**What is required:**
Look for the word "pitch" in the material below. Copy each line that has it.

····················

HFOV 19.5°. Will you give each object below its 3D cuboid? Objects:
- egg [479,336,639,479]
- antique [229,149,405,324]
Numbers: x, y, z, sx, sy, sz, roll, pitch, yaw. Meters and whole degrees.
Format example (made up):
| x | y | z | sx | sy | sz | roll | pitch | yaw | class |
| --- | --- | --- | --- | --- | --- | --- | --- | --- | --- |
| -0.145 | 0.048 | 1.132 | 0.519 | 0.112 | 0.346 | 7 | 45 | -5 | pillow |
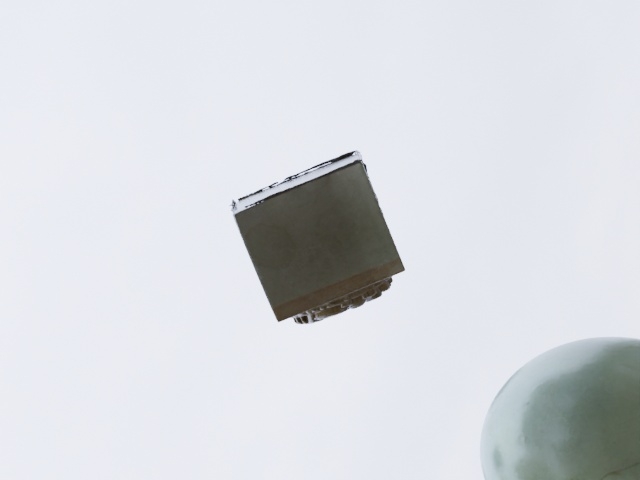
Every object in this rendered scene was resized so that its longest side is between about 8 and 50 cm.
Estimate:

····················

**Solution to the problem:**
Numbers: x, y, z, sx, sy, sz, roll, pitch, yaw. Meters and whole degrees.
| x | y | z | sx | sy | sz | roll | pitch | yaw | class |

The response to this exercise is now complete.